The task.
Drop every picture. Return the rest of the entries exactly.

Extracted data.

*****

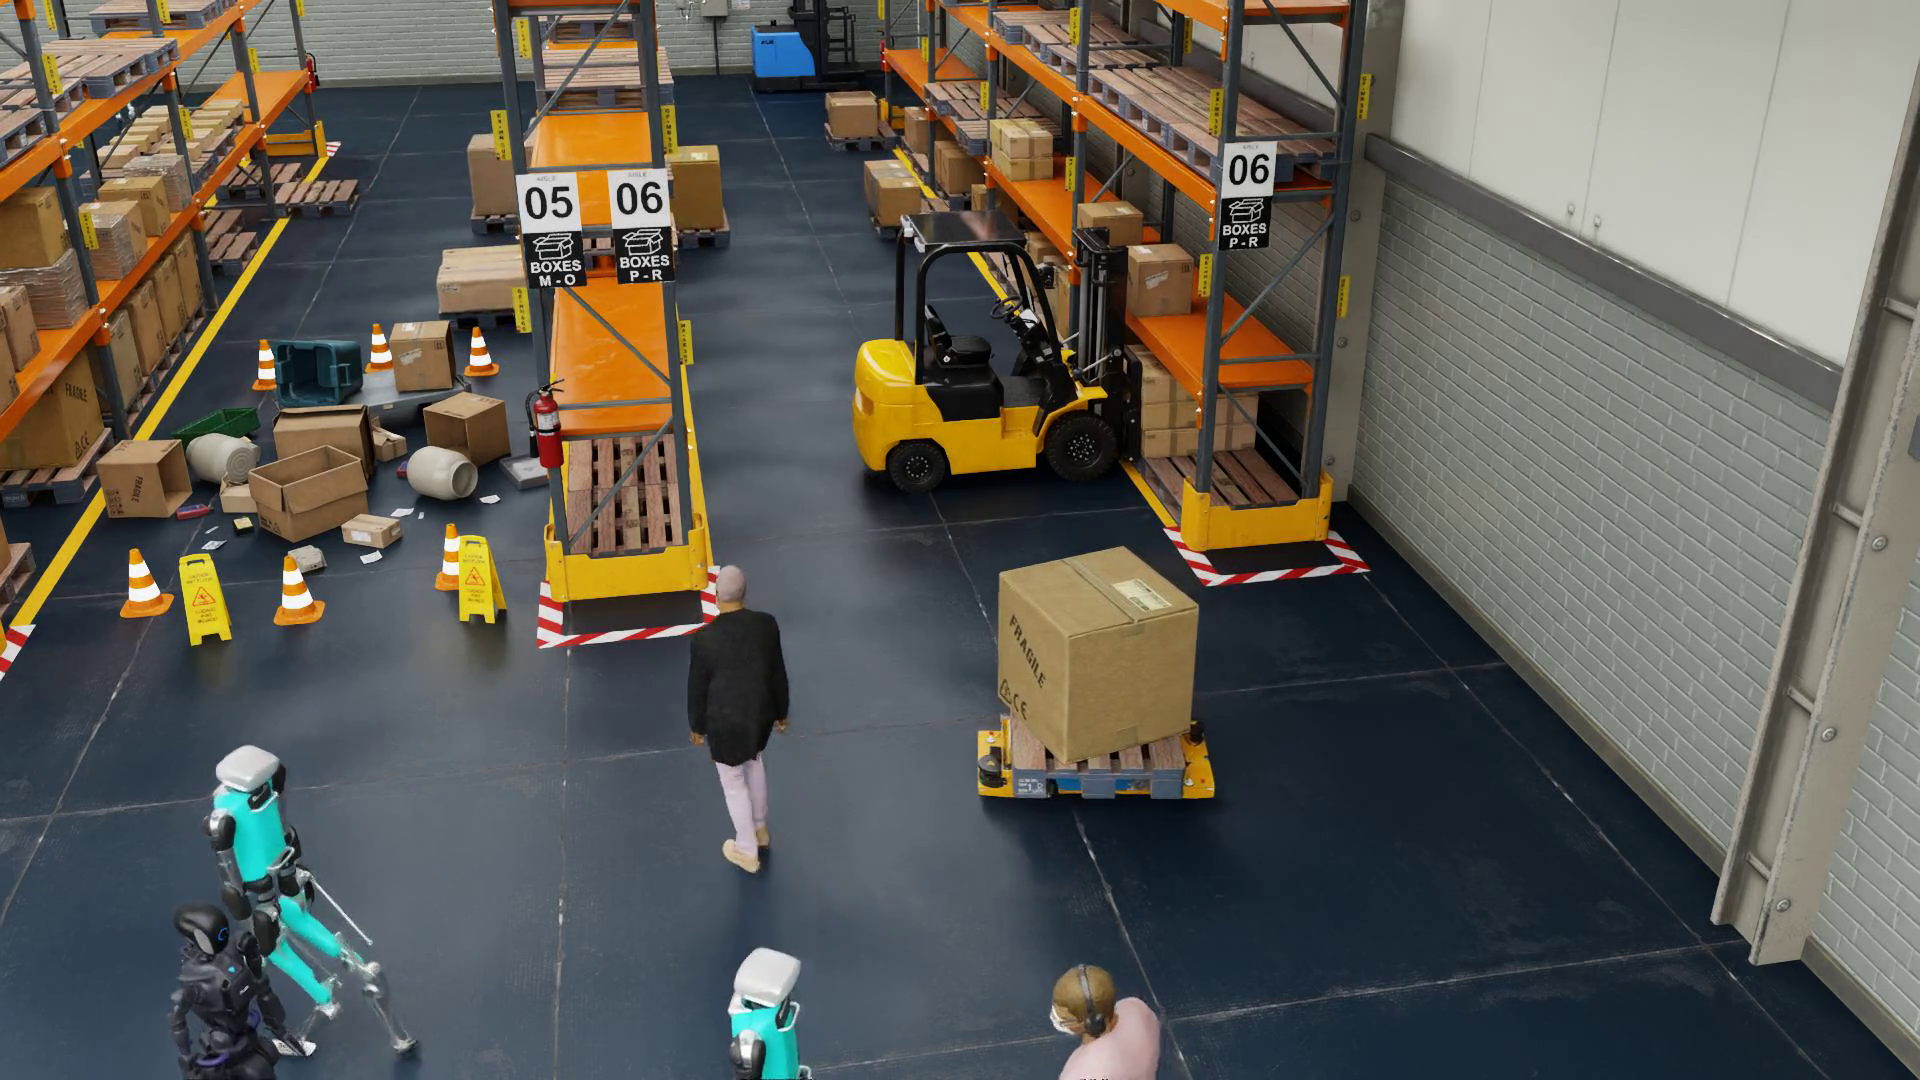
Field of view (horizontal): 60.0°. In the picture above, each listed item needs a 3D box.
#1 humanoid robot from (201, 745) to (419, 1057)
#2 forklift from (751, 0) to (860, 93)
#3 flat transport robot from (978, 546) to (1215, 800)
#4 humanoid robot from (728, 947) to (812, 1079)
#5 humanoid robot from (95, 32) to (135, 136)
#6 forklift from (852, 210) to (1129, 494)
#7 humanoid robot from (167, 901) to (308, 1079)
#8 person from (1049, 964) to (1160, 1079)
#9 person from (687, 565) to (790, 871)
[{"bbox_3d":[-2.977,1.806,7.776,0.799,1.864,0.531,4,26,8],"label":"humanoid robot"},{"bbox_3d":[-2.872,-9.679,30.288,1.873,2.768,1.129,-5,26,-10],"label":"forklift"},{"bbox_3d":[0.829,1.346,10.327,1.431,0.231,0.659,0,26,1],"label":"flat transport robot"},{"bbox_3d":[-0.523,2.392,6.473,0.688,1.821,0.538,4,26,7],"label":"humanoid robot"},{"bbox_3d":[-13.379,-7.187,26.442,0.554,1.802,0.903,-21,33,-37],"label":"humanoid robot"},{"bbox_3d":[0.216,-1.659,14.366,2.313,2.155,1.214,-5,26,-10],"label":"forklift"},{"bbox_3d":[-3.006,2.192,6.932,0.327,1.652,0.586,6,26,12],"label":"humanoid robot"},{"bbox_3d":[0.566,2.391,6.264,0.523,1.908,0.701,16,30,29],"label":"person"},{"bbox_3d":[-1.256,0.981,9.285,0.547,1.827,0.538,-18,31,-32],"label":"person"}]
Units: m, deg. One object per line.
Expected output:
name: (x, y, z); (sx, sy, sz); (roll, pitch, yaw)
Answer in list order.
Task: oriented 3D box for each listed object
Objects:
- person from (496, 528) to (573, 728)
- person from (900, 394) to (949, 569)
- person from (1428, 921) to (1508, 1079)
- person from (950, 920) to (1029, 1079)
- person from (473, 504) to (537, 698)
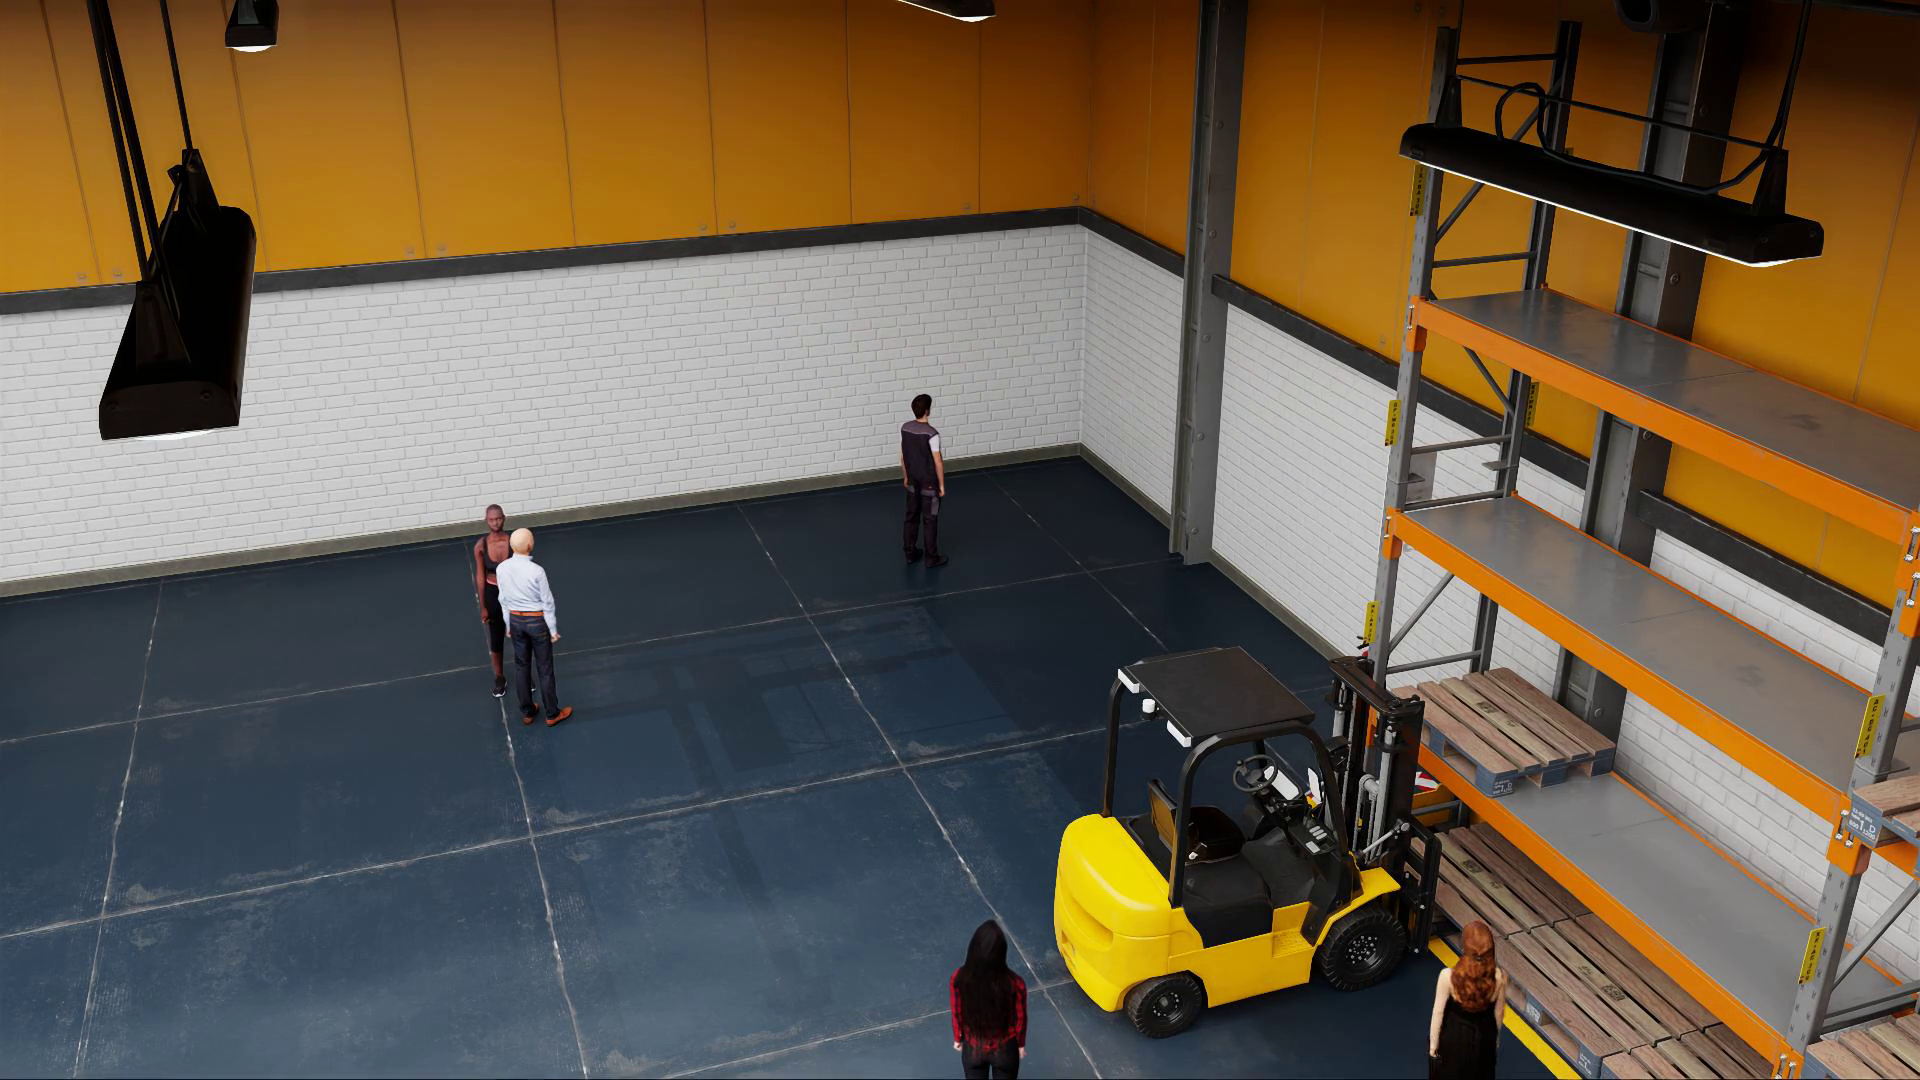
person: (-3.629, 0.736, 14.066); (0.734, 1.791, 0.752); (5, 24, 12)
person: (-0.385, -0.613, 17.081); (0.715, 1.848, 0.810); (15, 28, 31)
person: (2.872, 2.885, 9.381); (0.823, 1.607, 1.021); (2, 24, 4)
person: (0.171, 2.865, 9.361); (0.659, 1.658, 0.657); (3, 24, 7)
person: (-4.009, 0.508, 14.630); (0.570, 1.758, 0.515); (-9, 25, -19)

*****

Output.
Field of view (horizontal): 60.0°. In the picture above, each listed item needs a 3D box.
#1 humanoid robot from (201, 745) to (419, 1057)
#2 forklift from (751, 0) to (860, 93)
#3 flat transport robot from (978, 546) to (1215, 800)
#4 humanoid robot from (728, 947) to (812, 1079)
#5 humanoid robot from (95, 32) to (135, 136)
#6 forklift from (852, 210) to (1129, 494)
#7 humanoid robot from (167, 901) to (308, 1079)
#8 person from (1049, 964) to (1160, 1079)
#9 person from (687, 565) to (790, 871)
[{"bbox_3d":[-2.977,1.806,7.776,0.799,1.864,0.531,4,26,8],"label":"humanoid robot"},{"bbox_3d":[-2.872,-9.679,30.288,1.873,2.768,1.129,-5,26,-10],"label":"forklift"},{"bbox_3d":[0.829,1.346,10.327,1.431,0.231,0.659,0,26,1],"label":"flat transport robot"},{"bbox_3d":[-0.523,2.392,6.473,0.688,1.821,0.538,4,26,7],"label":"humanoid robot"},{"bbox_3d":[-13.379,-7.187,26.442,0.554,1.802,0.903,-21,33,-37],"label":"humanoid robot"},{"bbox_3d":[0.216,-1.659,14.366,2.313,2.155,1.214,-5,26,-10],"label":"forklift"},{"bbox_3d":[-3.006,2.192,6.932,0.327,1.652,0.586,6,26,12],"label":"humanoid robot"},{"bbox_3d":[0.566,2.391,6.264,0.523,1.908,0.701,16,30,29],"label":"person"},{"bbox_3d":[-1.256,0.981,9.285,0.547,1.827,0.538,-18,31,-32],"label":"person"}]
Units: m, deg. One object per line.
Expected output:
name: (x, y, z); (sx, sy, sz); (roll, pitch, yaw)
Answer in list order.
Task: oriented 3D box for each listed object
Objects:
- person from (496, 528) to (573, 728)
- person from (900, 394) to (949, 569)
- person from (1428, 921) to (1508, 1079)
- person from (950, 920) to (1029, 1079)
- person from (473, 504) to (537, 698)
person: (-3.629, 0.736, 14.066); (0.734, 1.791, 0.752); (5, 24, 12)
person: (-0.385, -0.613, 17.081); (0.715, 1.848, 0.810); (15, 28, 31)
person: (2.872, 2.885, 9.381); (0.823, 1.607, 1.021); (2, 24, 4)
person: (0.171, 2.865, 9.361); (0.659, 1.658, 0.657); (3, 24, 7)
person: (-4.009, 0.508, 14.630); (0.570, 1.758, 0.515); (-9, 25, -19)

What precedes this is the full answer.